Getting the basics down, she says, includes having a good understanding of your lighting as well as a clear goal in mind. “Only then you can really focus on connecting, posing and directing your clients. And then that’s how you meet your max potential.”

The next step is to ask yourself what you are posing and directing your clients for? “If you are posing them for wall art, for example, you might want to go for the hero image type of shot. For an album you might want more subtle details—like focusing in on your subject’s hands or other close-up shots. These details might not stand alone really well, but together they tell a beautiful story and fit well into an album.”

Carry is a bonus pick up point for family portrait posing.
Tran’s “Carry” is a bonus pick up point that helps infuse a family shoot with some fun. It works well with pre-schoolers and little babies, as well as for kids who are cranky. © Caroline Tran

The Evolution of Caroline Tran’s Posing Cues

As a child playing piano, Tran says she stumbled in music and didn’t know how to pick it up again. “I learned the song as one long song but when I stumbled midway in the music, I had to go back to the beginning. Fast forward to when I was a photographer, I noticed this was also happening to me: I had memorized a whole list of prompts in my head and written it down but only remembered maybe the first five items and the last two. Everything in between I would forget and get frustrated and go back to the beginning.”

Over time, she developed four main posing cues that she knew she could “pick up on” to help her manage her time and give her confidence to carry the shoot out to the end even stronger.

“By breaking up my shoots into 10- to 15-minute chunks and focusing on my main pick up points, as well as two bonus ones when there is time, I am no longer tasked with memorizing long lists of prompts and poses that can often get repetitive. Now I can focus on connecting with my clients, keeping the inspiration flowing, eliciting genuine expressions and much more.”

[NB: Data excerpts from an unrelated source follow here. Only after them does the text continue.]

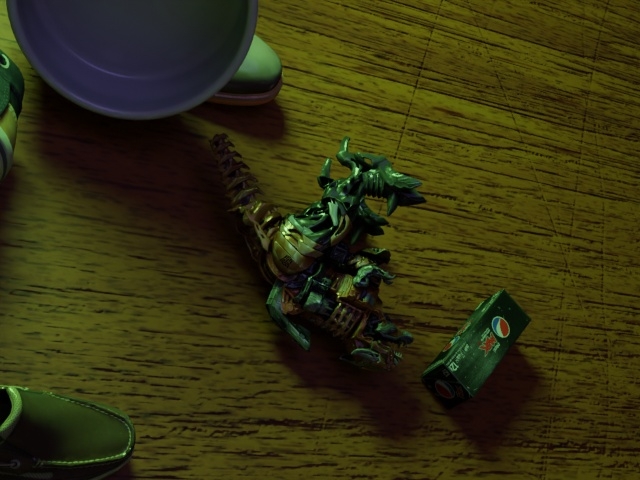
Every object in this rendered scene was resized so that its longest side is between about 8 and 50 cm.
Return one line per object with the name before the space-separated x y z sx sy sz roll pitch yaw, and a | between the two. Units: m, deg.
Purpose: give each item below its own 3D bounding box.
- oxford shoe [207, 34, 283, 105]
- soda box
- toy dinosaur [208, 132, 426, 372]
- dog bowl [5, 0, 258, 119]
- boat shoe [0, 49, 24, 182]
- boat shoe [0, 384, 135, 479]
oxford shoe | -0.191 -0.284 1.181 0.363 0.132 0.130 26 53 -18
soda box | 0.199 0.136 1.243 0.060 0.053 0.169 48 50 -1
toy dinosaur | 0.000 0.000 1.142 0.218 0.164 0.322 -45 114 -25
dog bowl | -0.203 -0.273 1.075 0.264 0.265 0.104 23 26 -20
boat shoe | -0.505 -0.221 0.922 0.500 0.187 0.156 32 46 -20
boat shoe | -0.283 0.174 0.886 0.257 0.095 0.095 7 61 -29

Four Essential Family Portrait Photography Poses, Plus Two Bonus Poses

The four main pick up points Tran says she has to get through in a full session (typically 1 hour, with each one done in 15-minute segments) are as follows:

  • Cake Toppers
  • Walk/Run
  • Cheek to Cheek
  • Prom
Cake Toppers  is a family portrait photography posing cue that makes Tran's family clients look like a cake topper.
“Cake Topper” is a starting point that eventually leads to the other pick up points, which is when more personality and movement starts to emerge. © Caroline Tran

Cake toppers is exactly what the pose sounds like it would be, and it’s a good starting point because it’s a little bit stiff, Tran notes. “This is where I have everyone just stand (or sit) still and a bit of a triangle starts to form. This is also where I don’t know what their personalities are yet, so why not just start being really stiff at first? And then I tell them to pretend that they are on top of a cake. Imagine just creating little figurines of them and putting them on top of a cake. That’d be so cute, right? That was my inspiration for cake toppers.”

It’s also a good way, she adds, to get people to slowly come out of their shell. After the next three and if there is time and energy left, her two bonus pick up points are “Carry” and “Laying Down.” Tran says that if she doesn’t get to the extra two, it’s fine because she knows that with her four essentials, she already has a full session where people get all the different poses they come to expect. “If it’s a mini session, I might do just one pick up point or I might do just 4 to 5 minutes of each pick up point—that takes you to a 15- 20-minute shoot, and that’s really all you need. Remember, these posing cues are not set in stone but rather are meant to inspire. You can fall back on them or jump forward with them when you feel stuck.”